Exercise directions. Each entry below should be echoed exactly, with pictures omitted.

Source records:
-*-*-

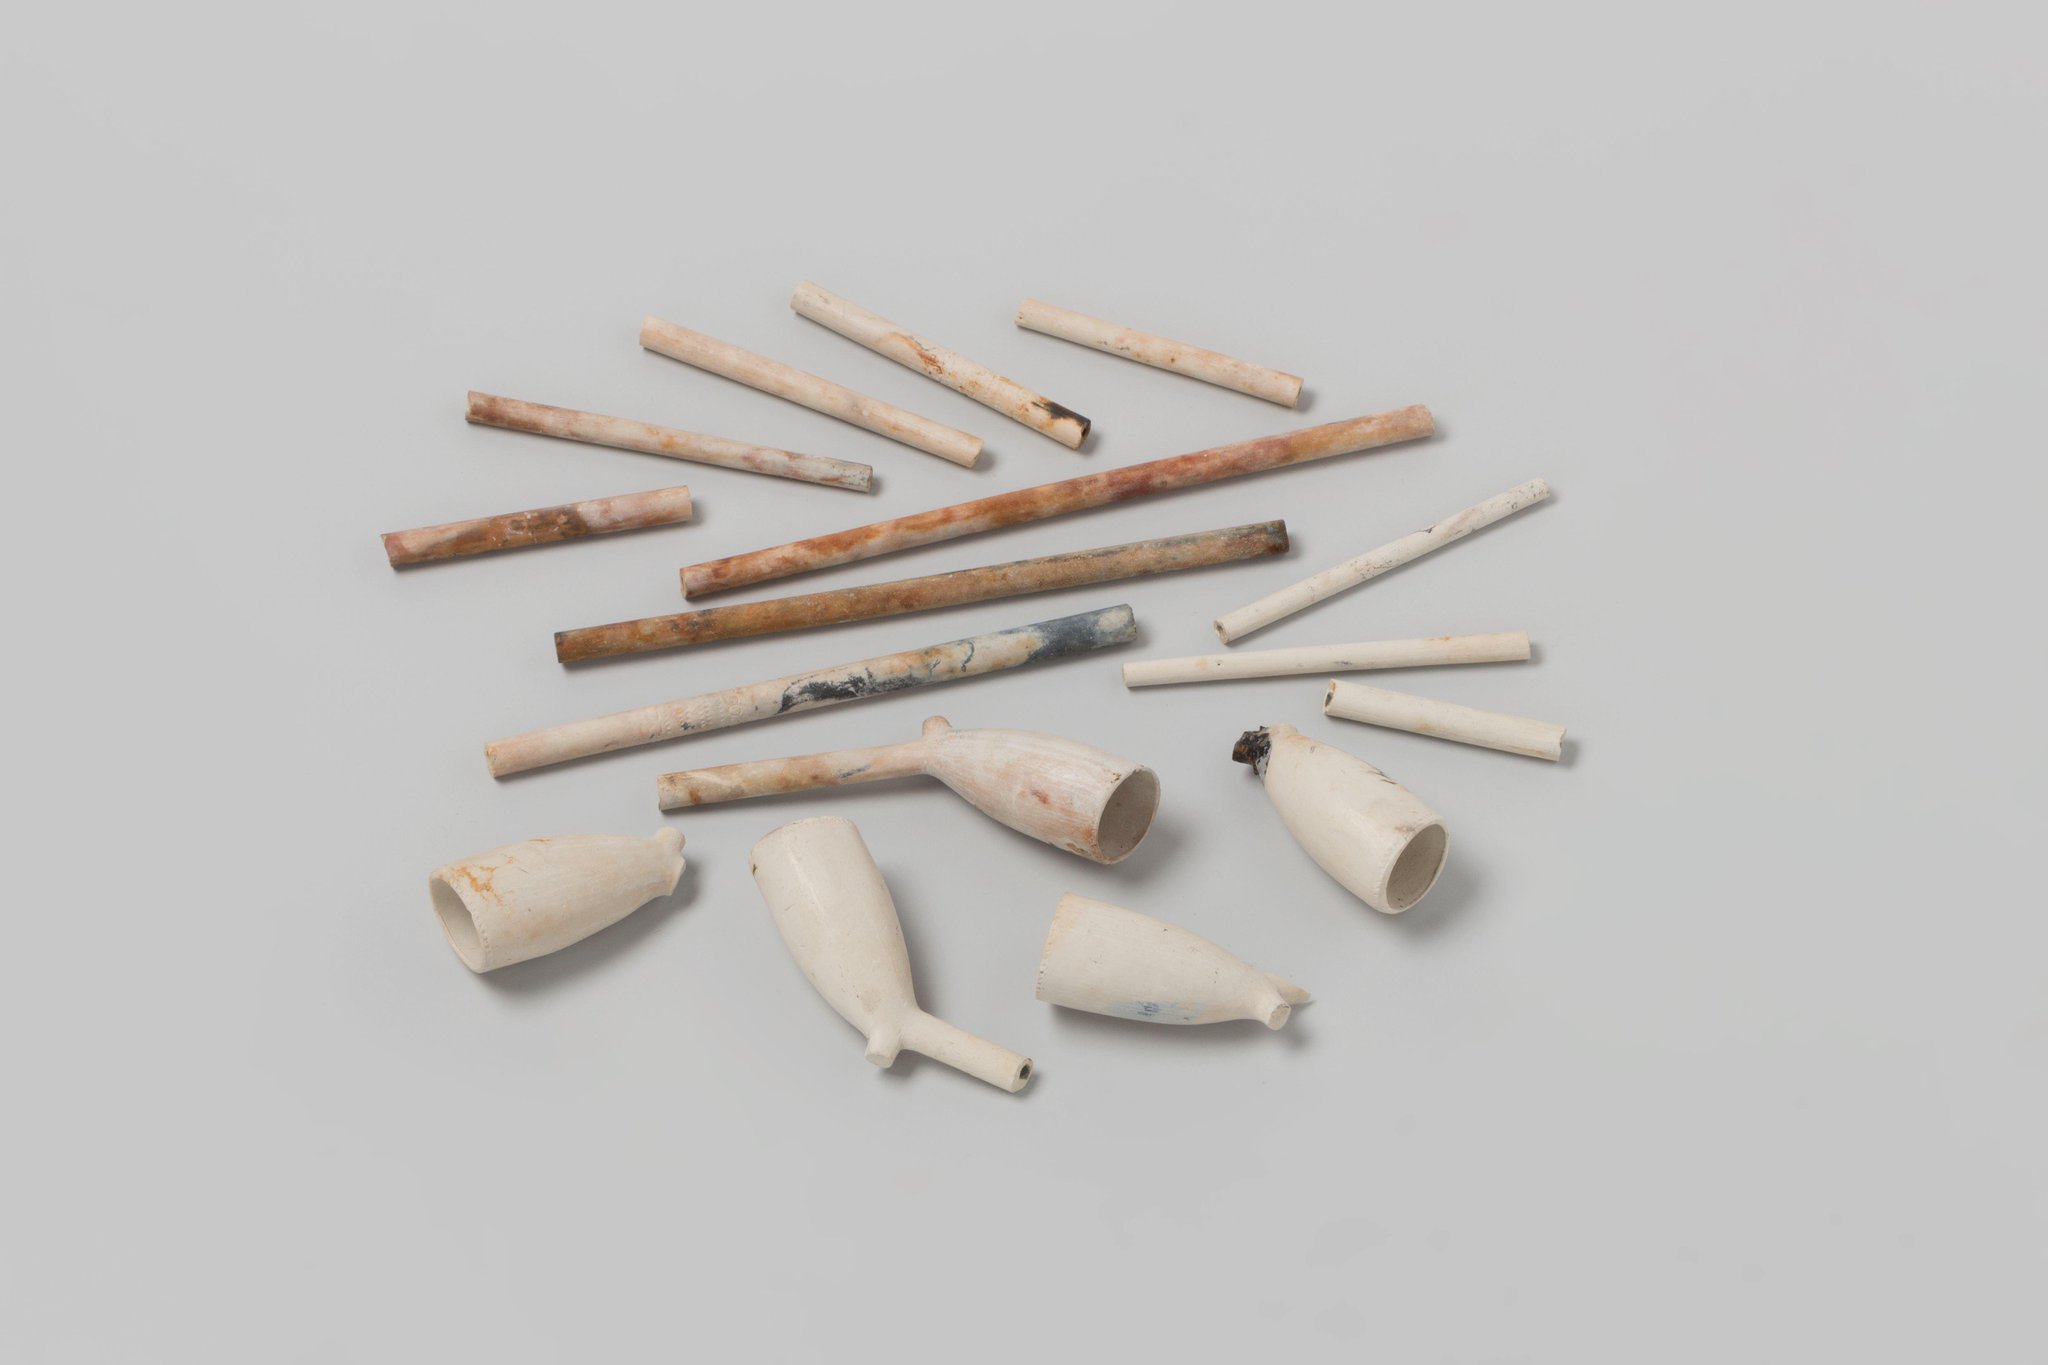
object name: pipe stem
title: Fragmenten van pijpen en pijpenstelen uit het wrak van de Oost-Indiëvaarder 't Vliegend Hart
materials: clay
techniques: firing
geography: gouda
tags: 't vliegend hart (schip), verenigde oostindische compagnie
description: Vijf koppen en 11 losse stukken van stelen van aarden Goudse pijpen. Van de koppen dragen 2 het hielmerk gekroonde WS (waarvan éen nog een stuk steel heeft), is van éen het hielmerk onleesbaar en van twee het hielmerk de gekroonde 67 (van deze laatste twee heeft éen nog een stuk steel). De losse stukken steel zijn deels versierd en blauw en rood verkleurd. Fragments of bowls and stems.
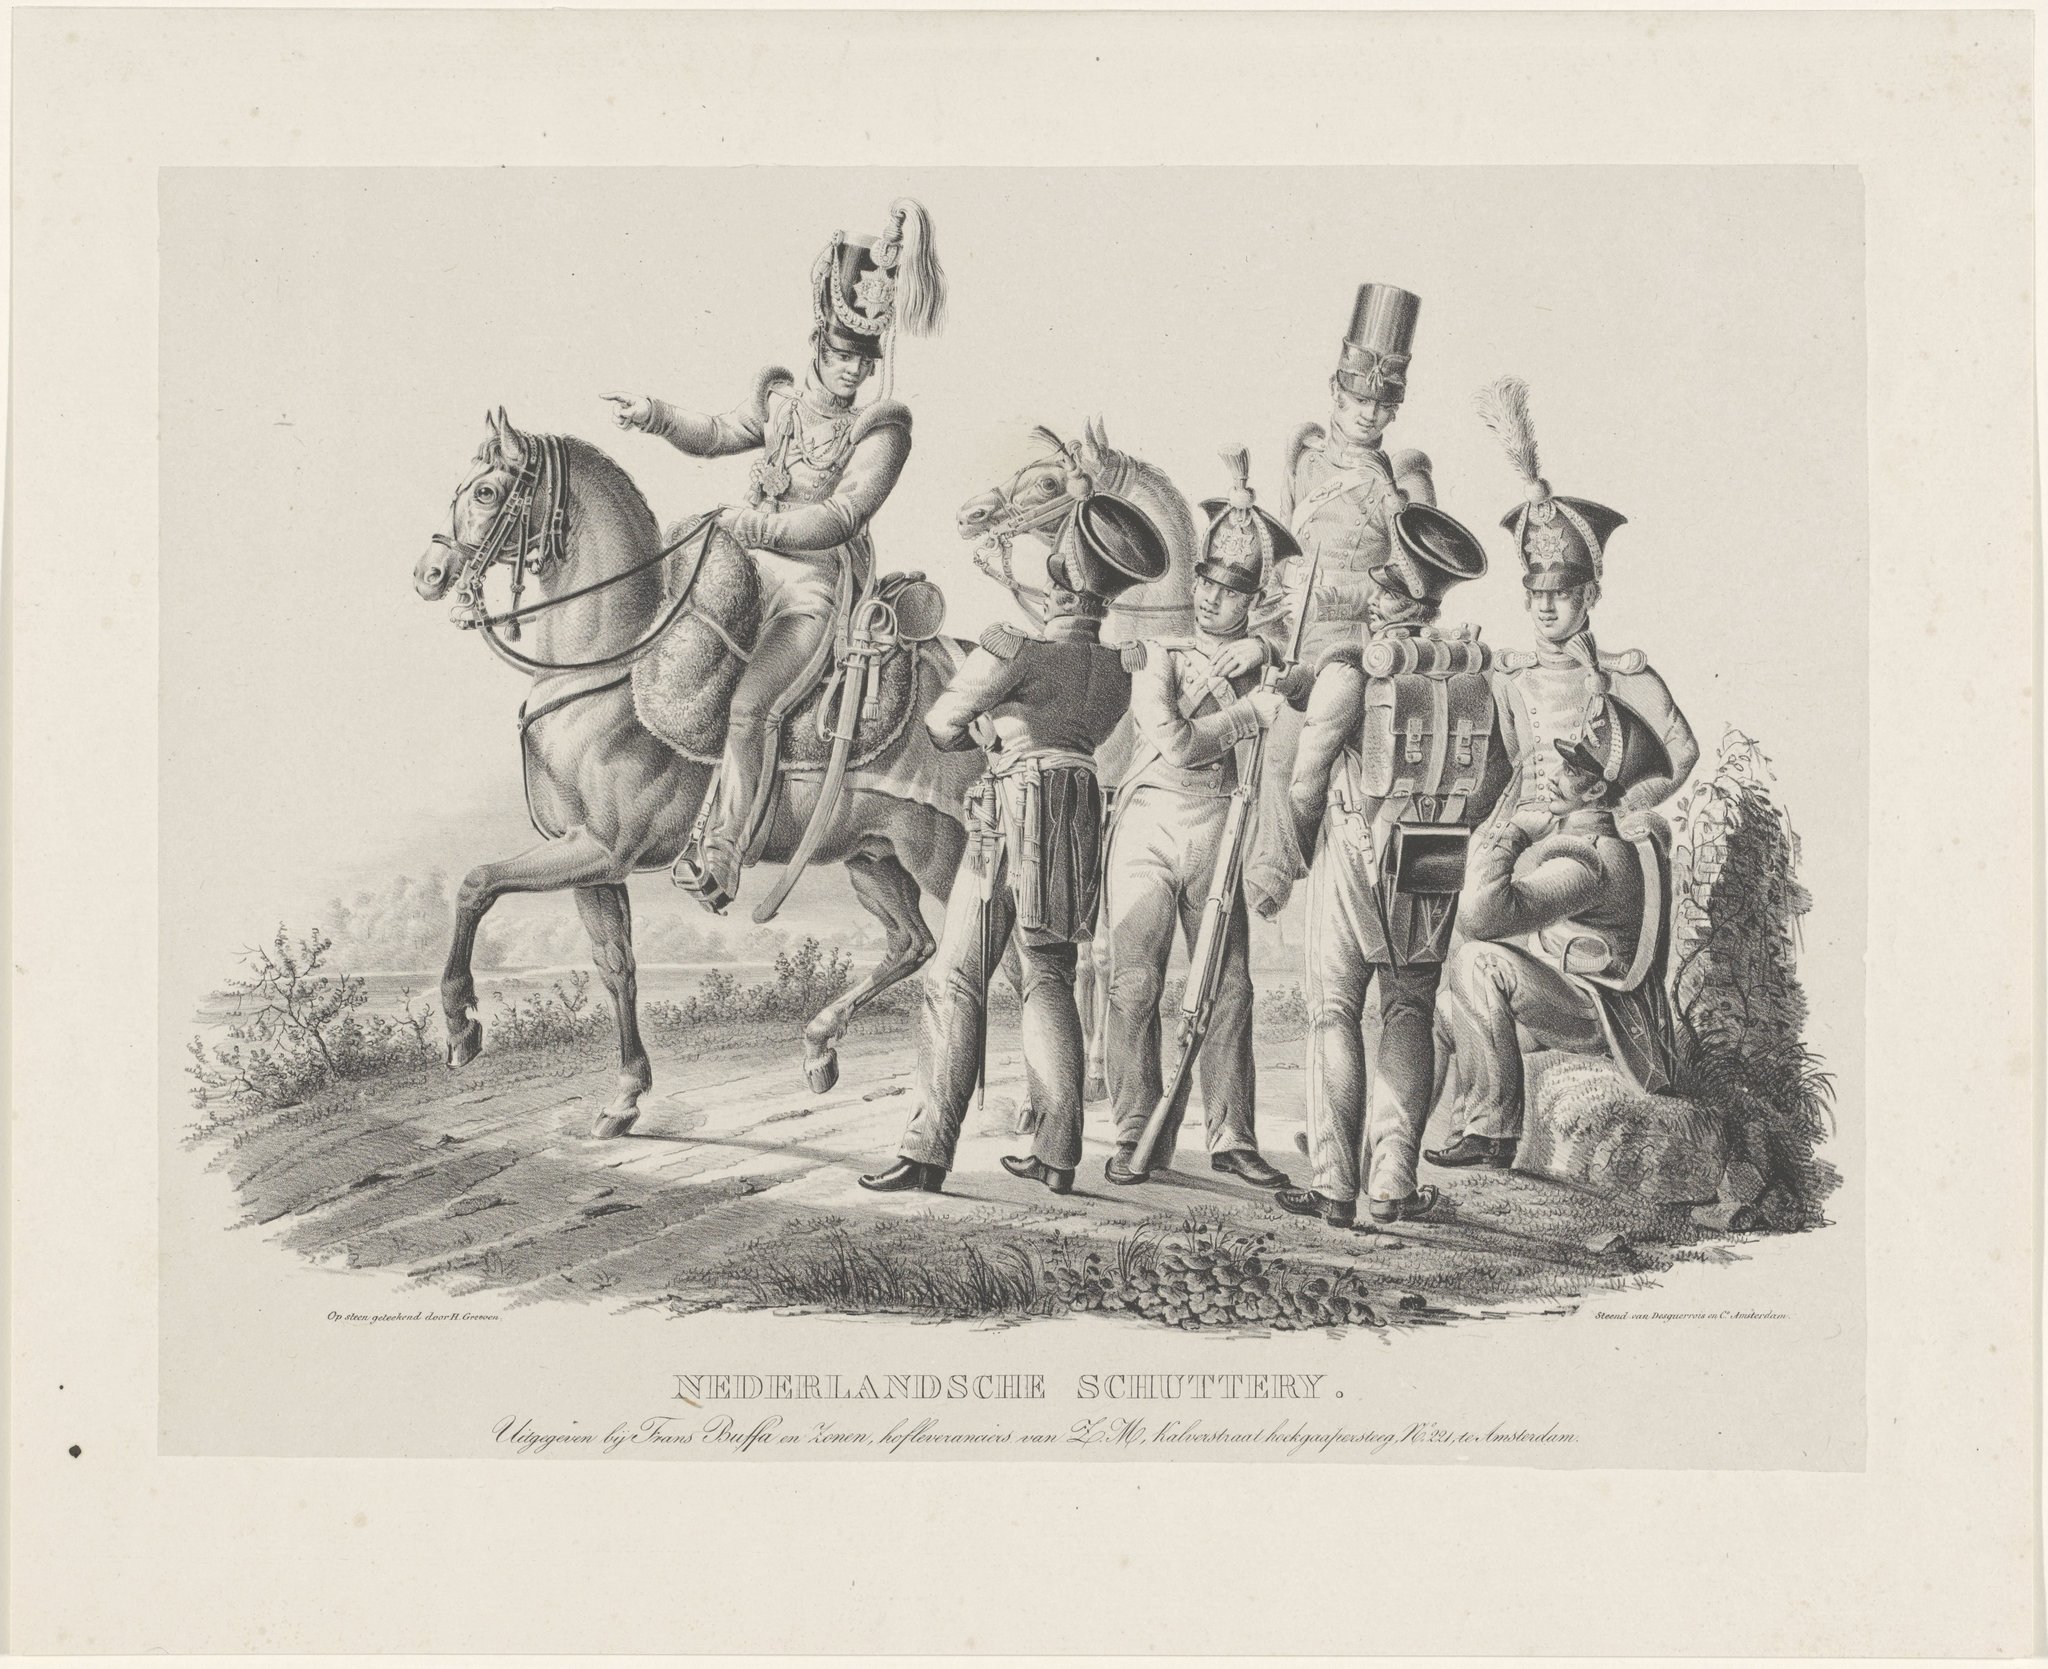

-*-*-

Response area.
object name: pipe stem
title: Fragmenten van pijpen en pijpenstelen uit het wrak van de Oost-Indiëvaarder 't Vliegend Hart
materials: clay
techniques: firing
geography: gouda
tags: 't vliegend hart (schip), verenigde oostindische compagnie
description: Vijf koppen en 11 losse stukken van stelen van aarden Goudse pijpen. Van de koppen dragen 2 het hielmerk gekroonde WS (waarvan éen nog een stuk steel heeft), is van éen het hielmerk onleesbaar en van twee het hielmerk de gekroonde 67 (van deze laatste twee heeft éen nog een stuk steel). De losse stukken steel zijn deels versierd en blauw en rood verkleurd. Fragments of bowls and stems.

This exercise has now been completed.